Problem: For the entries below, repeat exactly each line starting with the one that contains "Units: m, deg. One object per line." and going on through the one that contains "19. books [399, 447, 415, 459]", and no others.

───

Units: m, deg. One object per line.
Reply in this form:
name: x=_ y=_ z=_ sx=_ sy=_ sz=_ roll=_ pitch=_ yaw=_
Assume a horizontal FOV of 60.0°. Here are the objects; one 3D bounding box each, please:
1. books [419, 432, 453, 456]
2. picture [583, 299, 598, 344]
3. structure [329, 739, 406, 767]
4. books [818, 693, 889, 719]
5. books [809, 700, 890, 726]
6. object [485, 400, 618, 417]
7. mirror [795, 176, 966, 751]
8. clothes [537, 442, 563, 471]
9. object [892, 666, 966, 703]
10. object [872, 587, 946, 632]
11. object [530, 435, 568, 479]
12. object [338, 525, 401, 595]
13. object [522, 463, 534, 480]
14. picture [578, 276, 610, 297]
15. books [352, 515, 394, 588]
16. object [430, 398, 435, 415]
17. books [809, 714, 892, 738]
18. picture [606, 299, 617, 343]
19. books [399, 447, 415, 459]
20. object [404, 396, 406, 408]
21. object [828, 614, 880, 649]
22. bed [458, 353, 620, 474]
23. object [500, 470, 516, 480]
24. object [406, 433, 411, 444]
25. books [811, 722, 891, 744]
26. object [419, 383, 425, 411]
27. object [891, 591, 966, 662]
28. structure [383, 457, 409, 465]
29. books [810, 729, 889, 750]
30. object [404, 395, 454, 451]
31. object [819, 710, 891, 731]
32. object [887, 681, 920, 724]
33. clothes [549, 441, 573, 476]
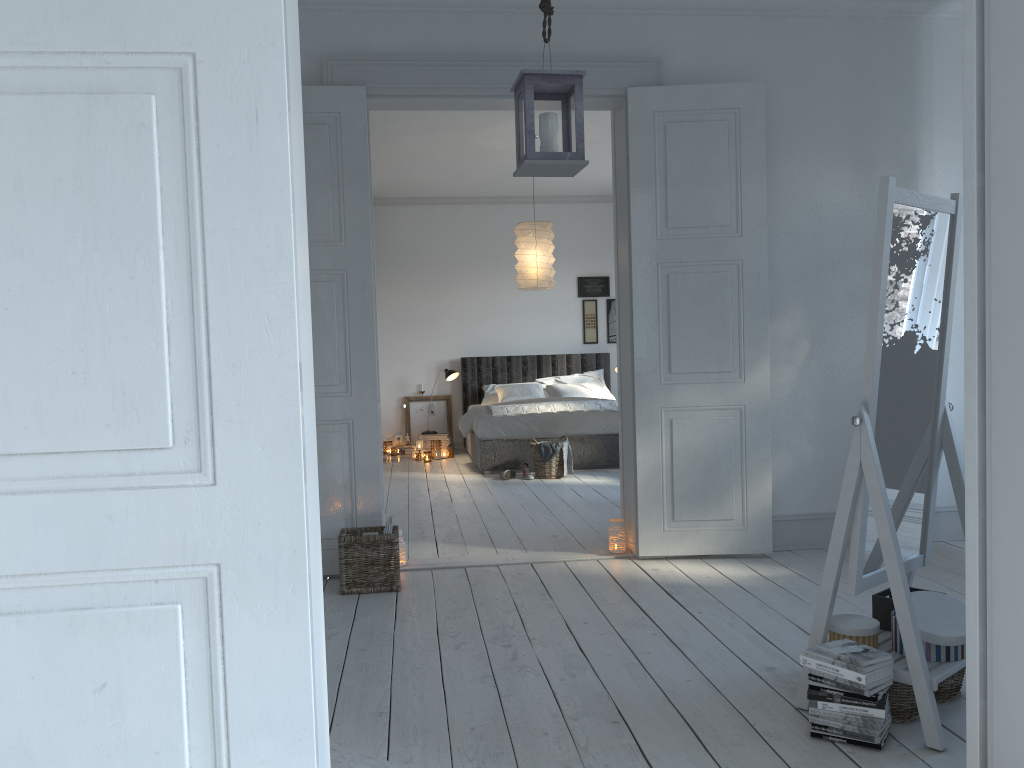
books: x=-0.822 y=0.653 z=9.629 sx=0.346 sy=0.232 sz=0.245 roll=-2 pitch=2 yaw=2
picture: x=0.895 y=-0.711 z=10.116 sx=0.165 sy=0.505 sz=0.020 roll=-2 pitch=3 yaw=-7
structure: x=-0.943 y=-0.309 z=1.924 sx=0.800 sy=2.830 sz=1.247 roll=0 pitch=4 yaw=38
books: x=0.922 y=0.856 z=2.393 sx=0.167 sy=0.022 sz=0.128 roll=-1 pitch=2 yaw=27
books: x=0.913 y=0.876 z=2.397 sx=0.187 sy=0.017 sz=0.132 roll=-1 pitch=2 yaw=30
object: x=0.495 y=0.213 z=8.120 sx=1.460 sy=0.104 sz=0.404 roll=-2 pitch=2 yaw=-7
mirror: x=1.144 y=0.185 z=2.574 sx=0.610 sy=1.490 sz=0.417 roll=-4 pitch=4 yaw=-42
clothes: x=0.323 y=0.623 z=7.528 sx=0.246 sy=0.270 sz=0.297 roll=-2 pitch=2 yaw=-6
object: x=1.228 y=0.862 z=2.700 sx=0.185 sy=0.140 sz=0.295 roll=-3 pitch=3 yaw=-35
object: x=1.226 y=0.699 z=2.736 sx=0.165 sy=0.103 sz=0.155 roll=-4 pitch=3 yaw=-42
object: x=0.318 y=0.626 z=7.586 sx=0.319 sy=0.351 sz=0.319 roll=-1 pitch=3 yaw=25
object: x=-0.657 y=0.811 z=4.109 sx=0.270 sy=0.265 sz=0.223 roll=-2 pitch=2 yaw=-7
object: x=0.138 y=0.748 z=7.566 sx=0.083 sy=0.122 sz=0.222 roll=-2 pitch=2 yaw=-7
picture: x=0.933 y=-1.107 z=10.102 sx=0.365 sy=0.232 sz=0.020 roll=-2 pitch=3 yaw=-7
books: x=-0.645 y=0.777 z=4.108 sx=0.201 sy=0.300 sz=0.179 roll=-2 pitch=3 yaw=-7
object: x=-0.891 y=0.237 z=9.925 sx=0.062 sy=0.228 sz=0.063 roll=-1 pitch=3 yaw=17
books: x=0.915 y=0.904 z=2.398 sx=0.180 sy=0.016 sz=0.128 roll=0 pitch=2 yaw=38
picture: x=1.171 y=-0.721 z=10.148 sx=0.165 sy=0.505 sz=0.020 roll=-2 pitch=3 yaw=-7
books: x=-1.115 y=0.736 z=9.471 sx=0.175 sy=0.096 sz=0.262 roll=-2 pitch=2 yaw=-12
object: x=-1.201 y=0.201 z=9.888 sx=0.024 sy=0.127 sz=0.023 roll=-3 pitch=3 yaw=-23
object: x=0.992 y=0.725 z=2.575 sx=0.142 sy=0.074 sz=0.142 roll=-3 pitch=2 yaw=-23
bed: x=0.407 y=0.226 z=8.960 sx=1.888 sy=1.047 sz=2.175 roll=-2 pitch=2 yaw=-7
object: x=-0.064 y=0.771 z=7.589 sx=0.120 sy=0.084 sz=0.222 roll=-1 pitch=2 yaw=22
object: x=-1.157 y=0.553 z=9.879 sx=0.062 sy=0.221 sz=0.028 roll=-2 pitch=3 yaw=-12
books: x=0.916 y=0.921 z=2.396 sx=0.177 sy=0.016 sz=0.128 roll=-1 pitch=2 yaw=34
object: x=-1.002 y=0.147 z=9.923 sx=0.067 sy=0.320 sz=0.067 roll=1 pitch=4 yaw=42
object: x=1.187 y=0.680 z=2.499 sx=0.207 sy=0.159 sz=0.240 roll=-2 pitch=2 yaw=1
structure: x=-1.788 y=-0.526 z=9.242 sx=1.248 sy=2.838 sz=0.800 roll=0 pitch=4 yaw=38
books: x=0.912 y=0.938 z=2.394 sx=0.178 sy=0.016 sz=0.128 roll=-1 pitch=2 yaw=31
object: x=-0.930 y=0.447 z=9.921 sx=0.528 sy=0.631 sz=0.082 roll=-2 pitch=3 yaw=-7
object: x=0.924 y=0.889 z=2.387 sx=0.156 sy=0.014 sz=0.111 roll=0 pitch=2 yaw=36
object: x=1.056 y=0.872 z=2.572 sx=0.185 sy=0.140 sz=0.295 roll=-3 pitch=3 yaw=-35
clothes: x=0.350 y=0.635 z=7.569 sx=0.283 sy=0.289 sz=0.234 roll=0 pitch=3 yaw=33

───

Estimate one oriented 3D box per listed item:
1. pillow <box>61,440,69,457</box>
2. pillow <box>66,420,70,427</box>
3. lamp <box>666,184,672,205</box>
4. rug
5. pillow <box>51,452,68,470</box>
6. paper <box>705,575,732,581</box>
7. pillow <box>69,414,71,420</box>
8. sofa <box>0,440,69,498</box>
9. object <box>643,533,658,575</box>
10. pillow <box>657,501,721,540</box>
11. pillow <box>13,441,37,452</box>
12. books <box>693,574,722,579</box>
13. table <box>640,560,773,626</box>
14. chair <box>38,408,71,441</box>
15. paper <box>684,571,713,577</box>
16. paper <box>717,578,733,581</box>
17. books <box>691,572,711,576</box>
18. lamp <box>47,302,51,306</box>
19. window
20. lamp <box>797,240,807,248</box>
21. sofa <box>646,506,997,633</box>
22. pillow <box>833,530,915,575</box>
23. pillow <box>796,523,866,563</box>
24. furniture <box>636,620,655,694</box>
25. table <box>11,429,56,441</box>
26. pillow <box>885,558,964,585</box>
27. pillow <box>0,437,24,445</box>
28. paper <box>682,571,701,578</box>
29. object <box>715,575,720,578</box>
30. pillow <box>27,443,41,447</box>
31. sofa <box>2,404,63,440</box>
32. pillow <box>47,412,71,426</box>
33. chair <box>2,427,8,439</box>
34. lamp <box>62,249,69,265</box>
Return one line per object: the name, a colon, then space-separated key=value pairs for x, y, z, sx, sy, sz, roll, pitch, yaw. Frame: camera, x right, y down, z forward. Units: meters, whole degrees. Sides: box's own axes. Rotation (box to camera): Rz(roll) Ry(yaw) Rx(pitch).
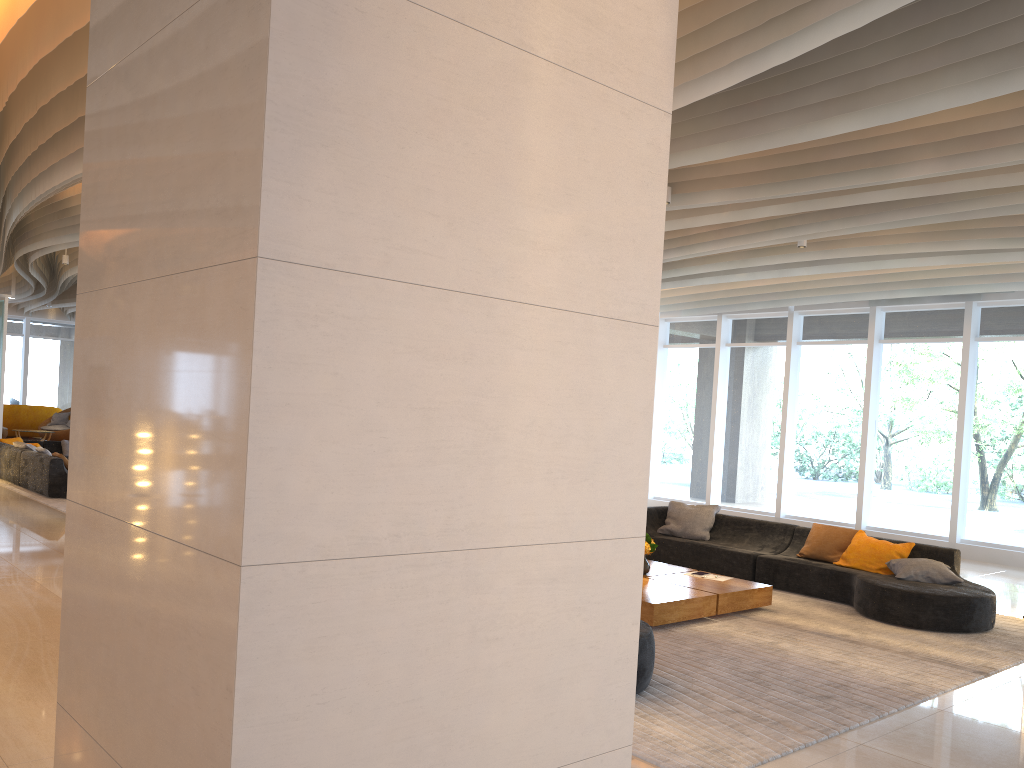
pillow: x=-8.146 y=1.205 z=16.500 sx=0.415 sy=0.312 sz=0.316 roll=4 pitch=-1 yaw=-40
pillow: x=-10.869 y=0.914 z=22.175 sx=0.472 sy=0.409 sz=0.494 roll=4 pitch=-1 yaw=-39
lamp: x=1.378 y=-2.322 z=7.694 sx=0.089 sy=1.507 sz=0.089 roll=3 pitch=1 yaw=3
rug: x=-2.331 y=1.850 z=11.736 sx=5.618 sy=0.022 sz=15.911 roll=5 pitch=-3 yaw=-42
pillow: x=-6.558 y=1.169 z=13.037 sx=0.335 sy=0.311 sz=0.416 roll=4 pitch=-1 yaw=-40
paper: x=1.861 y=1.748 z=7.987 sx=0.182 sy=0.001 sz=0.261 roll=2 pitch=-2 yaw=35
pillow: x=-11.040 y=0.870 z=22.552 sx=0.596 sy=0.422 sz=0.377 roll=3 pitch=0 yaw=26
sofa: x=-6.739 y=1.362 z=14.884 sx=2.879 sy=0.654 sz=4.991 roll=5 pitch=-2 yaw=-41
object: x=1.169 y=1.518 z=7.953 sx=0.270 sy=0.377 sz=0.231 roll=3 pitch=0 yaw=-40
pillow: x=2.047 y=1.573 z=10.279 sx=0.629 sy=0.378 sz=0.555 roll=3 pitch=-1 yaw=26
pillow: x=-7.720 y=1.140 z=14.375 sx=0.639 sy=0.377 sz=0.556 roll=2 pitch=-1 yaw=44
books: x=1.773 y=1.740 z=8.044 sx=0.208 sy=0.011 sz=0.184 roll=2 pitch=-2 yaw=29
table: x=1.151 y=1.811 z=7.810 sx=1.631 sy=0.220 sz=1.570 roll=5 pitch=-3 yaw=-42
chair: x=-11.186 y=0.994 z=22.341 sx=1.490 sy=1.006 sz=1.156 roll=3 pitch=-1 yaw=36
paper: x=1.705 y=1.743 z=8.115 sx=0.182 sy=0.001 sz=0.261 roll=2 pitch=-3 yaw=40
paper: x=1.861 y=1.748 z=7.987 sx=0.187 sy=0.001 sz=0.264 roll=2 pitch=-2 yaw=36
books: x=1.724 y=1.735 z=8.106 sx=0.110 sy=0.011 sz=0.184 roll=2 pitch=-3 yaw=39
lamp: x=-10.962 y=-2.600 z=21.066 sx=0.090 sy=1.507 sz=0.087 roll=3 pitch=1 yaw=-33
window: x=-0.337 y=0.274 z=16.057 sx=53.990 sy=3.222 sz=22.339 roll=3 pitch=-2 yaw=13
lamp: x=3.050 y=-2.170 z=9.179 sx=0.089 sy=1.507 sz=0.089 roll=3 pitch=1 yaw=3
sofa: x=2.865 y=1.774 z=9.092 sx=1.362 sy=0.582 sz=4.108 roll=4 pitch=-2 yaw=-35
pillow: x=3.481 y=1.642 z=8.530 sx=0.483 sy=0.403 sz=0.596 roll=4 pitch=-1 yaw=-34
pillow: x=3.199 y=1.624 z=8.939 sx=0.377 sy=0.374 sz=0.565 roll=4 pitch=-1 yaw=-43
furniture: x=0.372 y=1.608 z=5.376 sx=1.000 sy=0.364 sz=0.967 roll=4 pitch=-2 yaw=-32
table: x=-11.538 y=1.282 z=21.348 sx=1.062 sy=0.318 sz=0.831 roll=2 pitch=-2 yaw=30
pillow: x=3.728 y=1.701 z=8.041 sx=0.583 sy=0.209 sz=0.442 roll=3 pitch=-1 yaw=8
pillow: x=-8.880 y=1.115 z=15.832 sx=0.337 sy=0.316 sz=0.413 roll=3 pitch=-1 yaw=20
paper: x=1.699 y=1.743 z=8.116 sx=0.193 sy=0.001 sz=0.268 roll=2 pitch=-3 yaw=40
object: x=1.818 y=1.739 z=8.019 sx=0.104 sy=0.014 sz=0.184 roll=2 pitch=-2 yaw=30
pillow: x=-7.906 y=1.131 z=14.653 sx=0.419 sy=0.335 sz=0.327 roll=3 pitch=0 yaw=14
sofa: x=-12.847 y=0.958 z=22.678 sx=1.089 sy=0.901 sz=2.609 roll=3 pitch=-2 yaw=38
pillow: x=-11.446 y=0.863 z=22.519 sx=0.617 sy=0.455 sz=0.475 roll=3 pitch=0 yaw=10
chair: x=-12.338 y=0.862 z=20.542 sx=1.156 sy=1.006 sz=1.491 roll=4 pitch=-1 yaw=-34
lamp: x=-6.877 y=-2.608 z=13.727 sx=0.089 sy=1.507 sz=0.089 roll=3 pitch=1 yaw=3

───

Response area:
Units: m, deg. One object per line.
Reply in this form:
name: x=_ y=_ z=_ sx=_ sy=_ sz=_ roll=_ pitch=_ yaw=_
Assume a horizontal FOV of 60.0°. Here are the objects; one 3D bounding box each, please:
1. books [419, 432, 453, 456]
2. picture [583, 299, 598, 344]
3. structure [329, 739, 406, 767]
4. books [818, 693, 889, 719]
5. books [809, 700, 890, 726]
6. object [485, 400, 618, 417]
7. mirror [795, 176, 966, 751]
8. clothes [537, 442, 563, 471]
9. object [892, 666, 966, 703]
10. object [872, 587, 946, 632]
11. object [530, 435, 568, 479]
12. object [338, 525, 401, 595]
13. object [522, 463, 534, 480]
14. picture [578, 276, 610, 297]
15. books [352, 515, 394, 588]
16. object [430, 398, 435, 415]
17. books [809, 714, 892, 738]
18. picture [606, 299, 617, 343]
19. books [399, 447, 415, 459]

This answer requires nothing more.